How to convert PyTorch code into equivalent Cuda code?

I need Cuda codes of the pre-trained AlexNet, GoogleNet, and VGG. Is there any utility that converts PyTorch code into equivalent Cuda code? Kindly help. Thanks.

PyTorch code cannot be directly translated to CUDA code, as the CUDA kernels are only a part of the overall model.
What is your use case?

Thank you for your response. I want to use AlexNet and VGG inferencing on the GPGPU Simulator. But the simulator does not support PyTorch directly. So I want to convert pre-trained models from the PyTorch into Cuda codes and then use them on the simulator for inferencing. Is there any other possible way? Kindly help.

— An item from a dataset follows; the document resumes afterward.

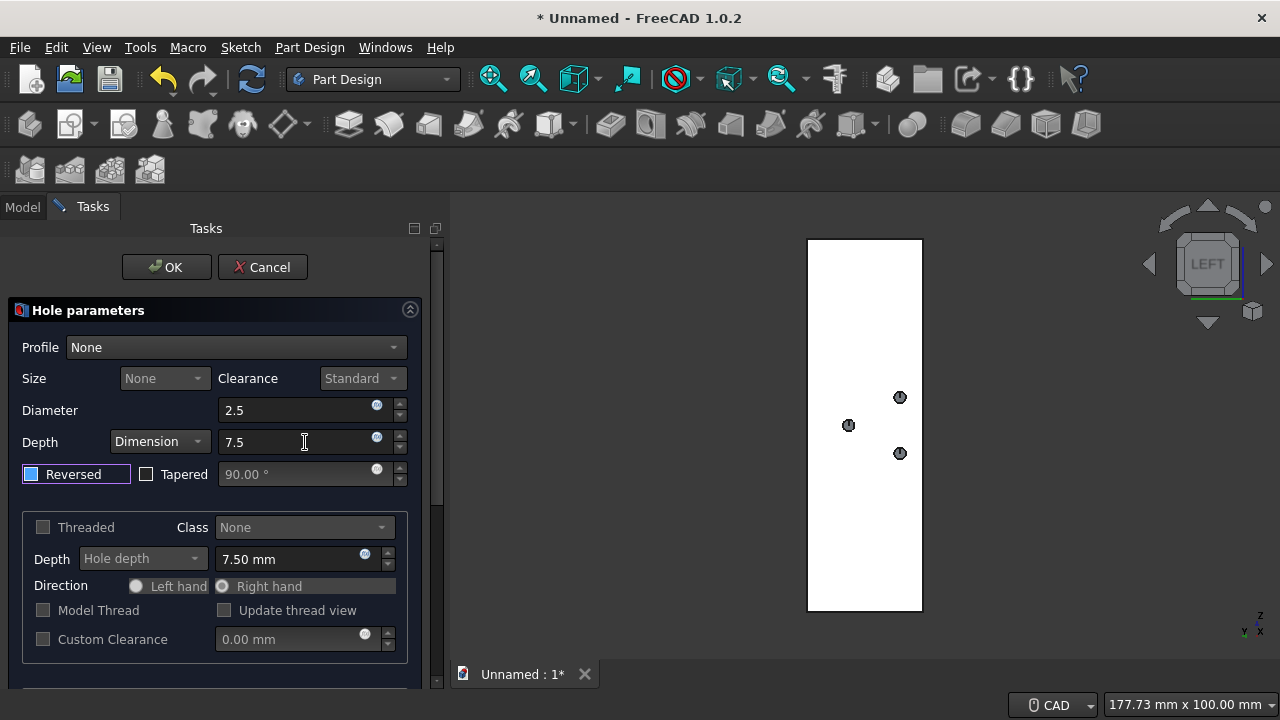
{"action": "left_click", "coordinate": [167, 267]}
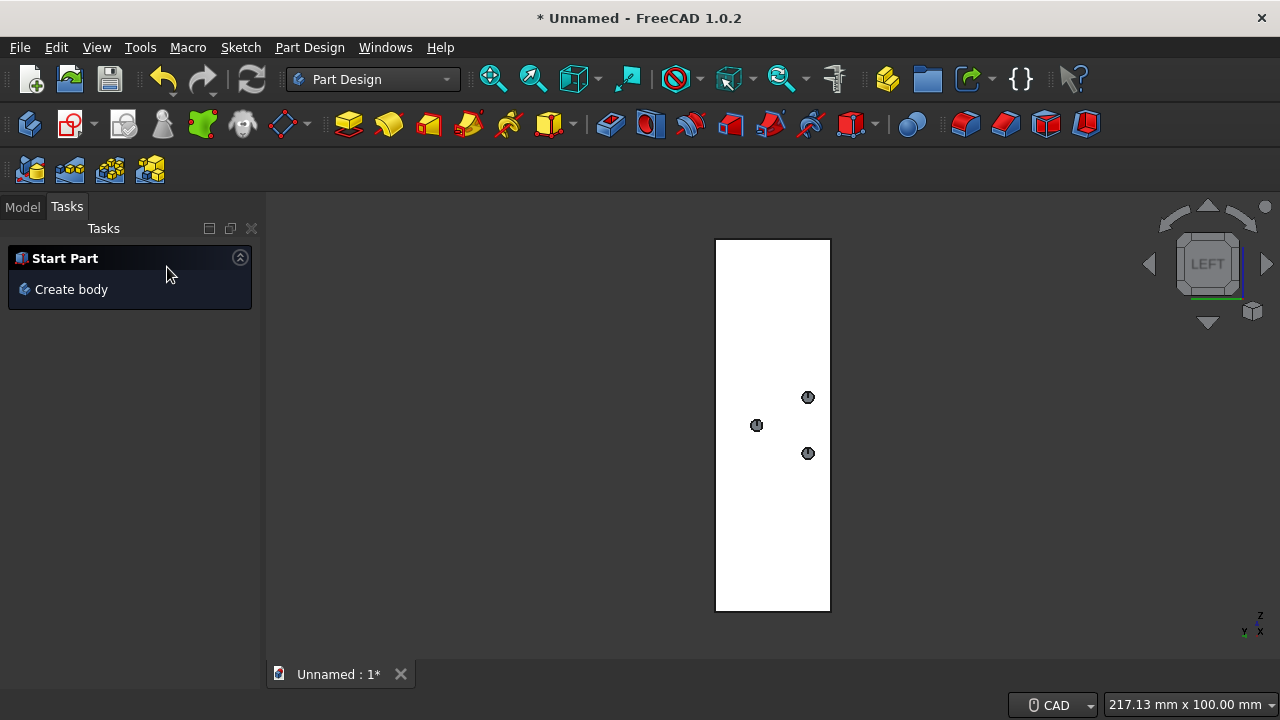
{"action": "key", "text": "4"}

I’m not familiar with the GPGPU Simulator, but from a quick look at it, I’m not sure, if this library can be used to simulate a complete application or if it’s rather used for specific kernels.

@ptrblck could you elaborate further. Like why is it possible to get Triton code from torch.compile but not CUDA code?

You can read the native CUDA kernels in the code base, but note my questions:

Exporting the host as well as device code to CUDA won’t be possible as you need the execute the host code by definition.
If you are only asking about native CUDA kernels, you can find them in the repository.
CUDA Math libs (e.g. cuBLAS and cuDNN) are closed-source and you won’t be able to read the code.

Thank you so much.

I am pondering why is it not possible to convert a PyTorch nn.Module into its equivalent CUDA code since my understanding is that this (or something similar) happens under the hood to run on my Nvidia GPU. Or otherwise why torch.compile does not have this option.

as the CUDA kernels are only a part of the overall model.
Could you clarify further? I thought:

import torch

class MyModel(torch.nn.Module):
    def forward(self, x):
        return torch.relu(x @ x.T + x)

would purely equivalent to a pipeline of one or more kernels written in CUDA.